Two users should never share a VM. Each Freestyle VM is an isolated microVM with its own kernel and filesystem; your job is to keep the session-to-VM mapping correct and to stop the VM when the session ends.

Putting it together

A minimal code interpreter on Freestyle is roughly 200 lines: a session table mapping conversations to vmIds, a tool handler that takes { language, code } and routes it to the right runCode call, a timeout wrapper, suspend on idle, and a cleanup job that stops abandoned VMs. Everything else is product surface: streaming output, showing files the agent created, letting users branch the conversation (a vm.fork() under the hood).

The reason to build on Freestyle VMs is that the primitives line up with what a code interpreter actually needs: real Linux with root, real isolation, sub-second provisioning, sub-100ms resume, snapshots, live forks, and typed language helpers. None of the "you cannot run that here" surprises that show up in restricted sandboxes.

Questions and answers

Q: Is it actually safe to run LLM-generated code in a Freestyle VM?

Each Freestyle VM is an isolated microVM with its own kernel and filesystem, the same isolation model used by other production sandboxed code execution platforms. The agent has root inside its VM but cannot reach other tenants, the host, or your backend. Treat the VM as untrusted (no mounted secrets, gate egress) and the answer is yes.

Q: What languages can the code interpreter run?

Anything that runs on Linux. The agent can write Python today, a Bash pipeline next turn, a Rust crate after that. Freestyle ships first-class typed helpers for Python, Node.js, Deno, Bun, Ruby, Java, and PostgreSQL, and anything else installs with the system package manager.

Q: How does state persist between turns of the same conversation?

Suspend the VM between turns with vm.suspend() and resume it with vm.start() when the next message arrives. Suspend preserves full memory and CPU state to disk, you only pay storage while suspended, and resume happens in under 100ms. For sticky in-memory variables, run a long-running language process under systemd inside the VM.

Q: How do I run many candidate scripts in parallel?
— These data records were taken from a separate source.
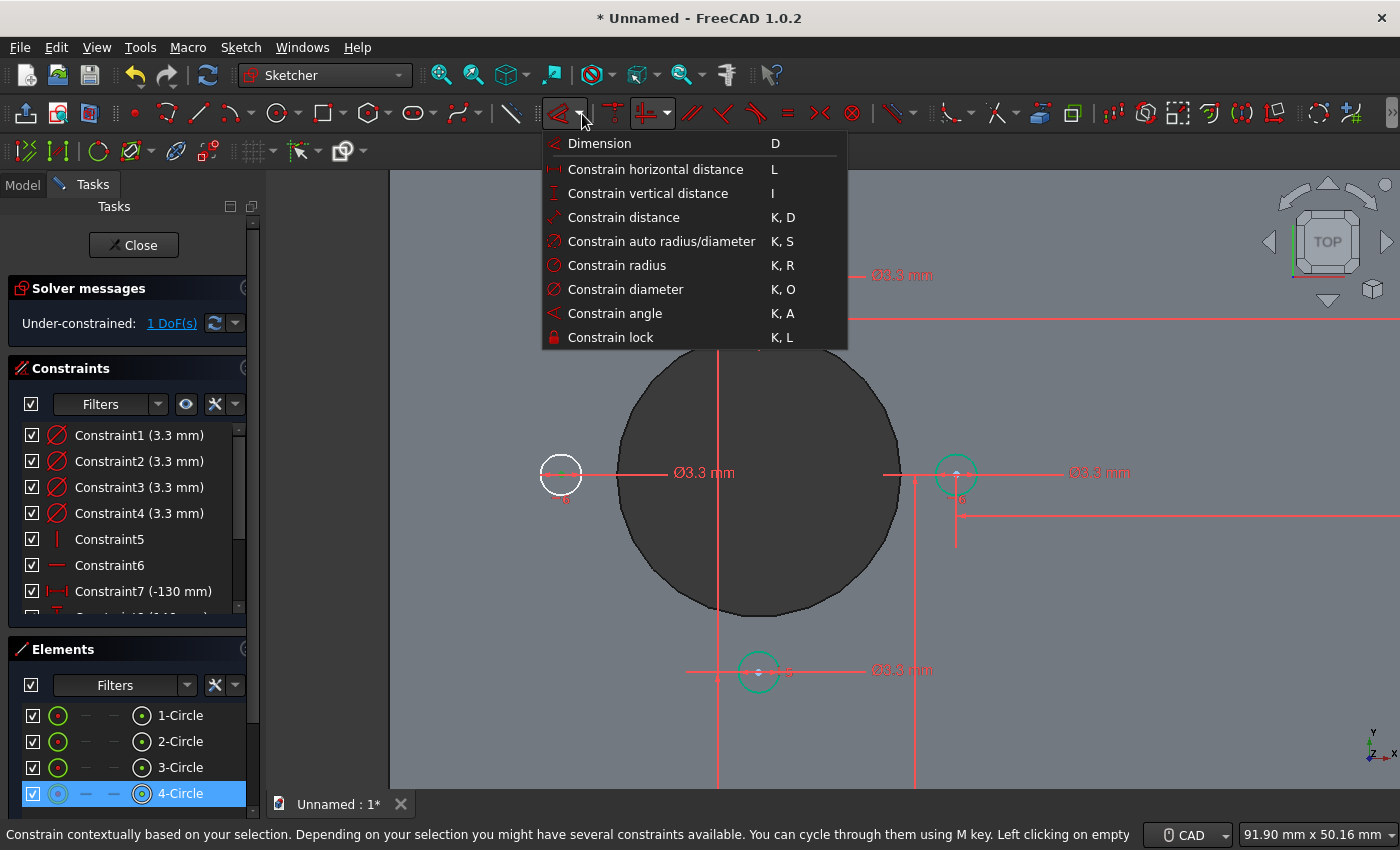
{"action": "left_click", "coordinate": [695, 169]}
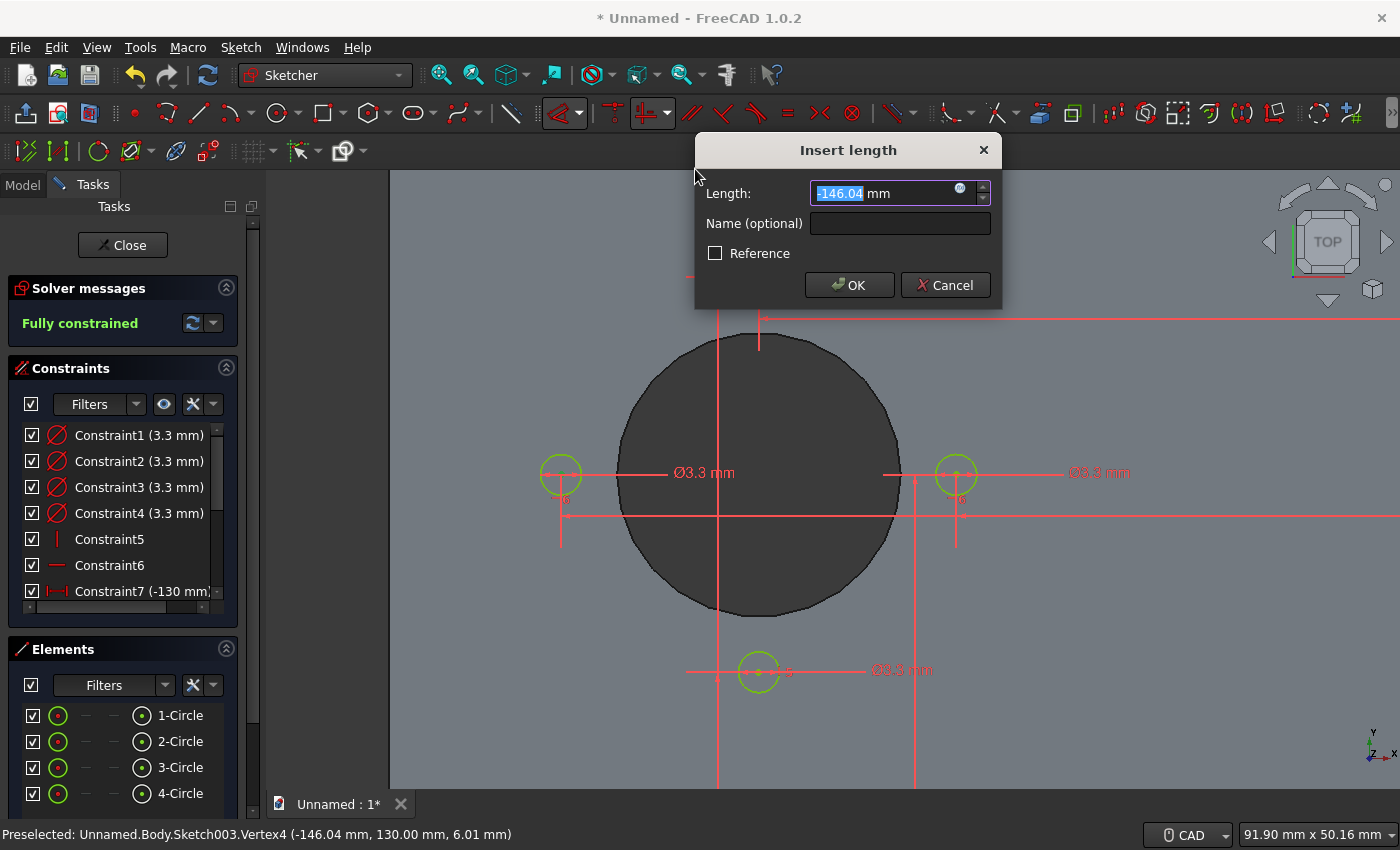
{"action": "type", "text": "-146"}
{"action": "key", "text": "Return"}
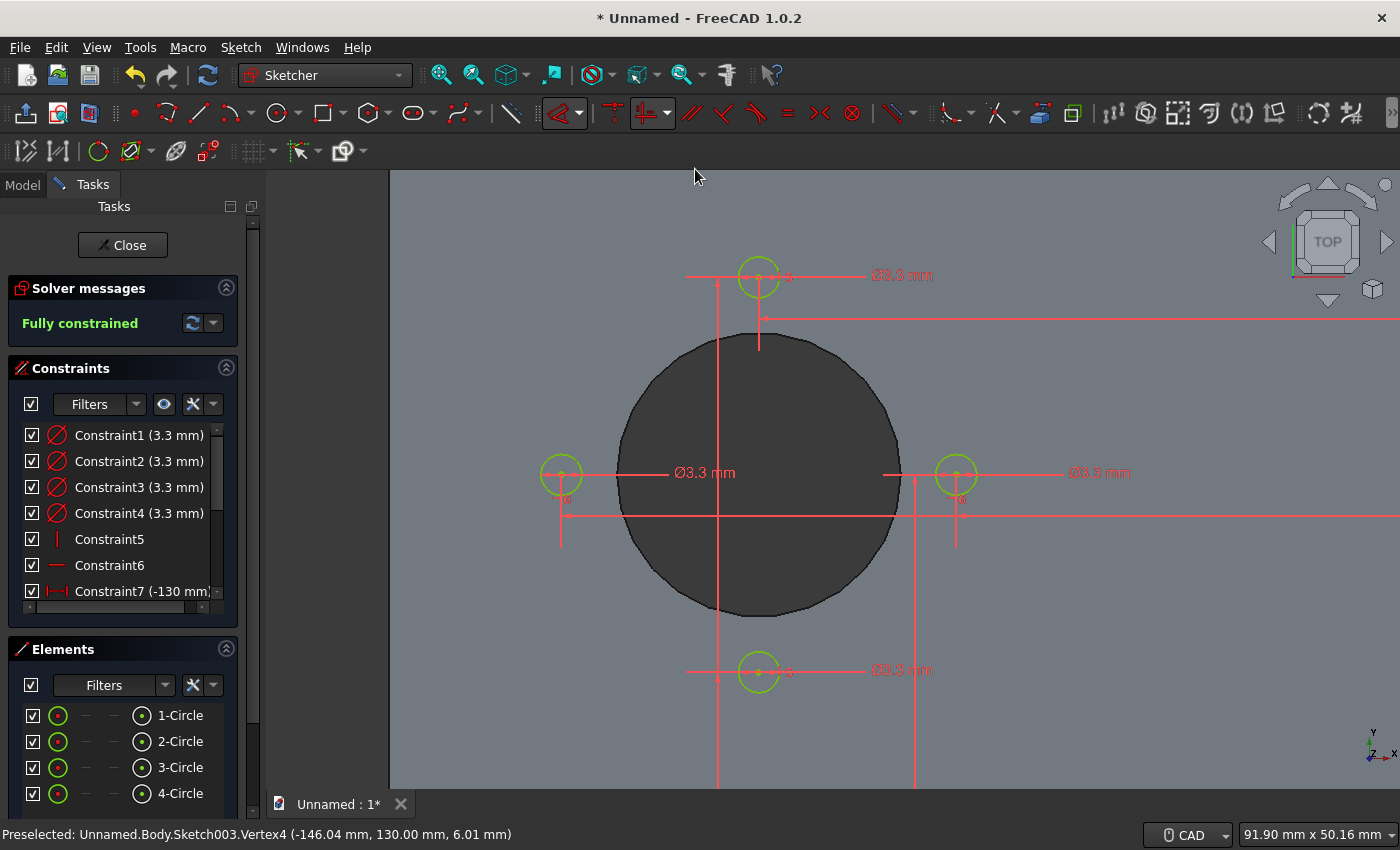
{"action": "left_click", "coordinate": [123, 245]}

Snapshot the configured VM with vm.snapshot() and call vm.fork({ count: N }) to get N live copies in a single round trip. Each fork is an independent VM that starts from the same live state, so you can run different candidates and compare results. Same pattern is useful for evals and multi-attempt agents.

Q: What does this cost compared to running my own sandbox?

You pay for VM time and storage rather than for managing a fleet of sandboxes yourself. Suspended VMs cost only storage, and snapshot layers let you trade storage for startup latency. See pricing; the more relevant comparison is engineering time saved by not building microVM orchestration in-house.

Both are real options for sandboxed code execution. E2B focuses on agent code interpreter use cases with a Python-first API. Modal is a serverless platform with strong autoscaling. Freestyle VMs sit on the "real Linux microVM with snapshots, live forks, suspend/resume, and typed language helpers" end of that space, which fits when the interpreter needs to do more than run a single Python cell.

Q: How do I handle a script that hangs or runs forever?

Wrap every execution in a timeout. If it expires, kill the offending process inside the VM with vm.exec and return the timeout as a tool result so the model can react. Only call vm.kill() if the runtime is truly wedged; otherwise the next turn can reuse the same VM.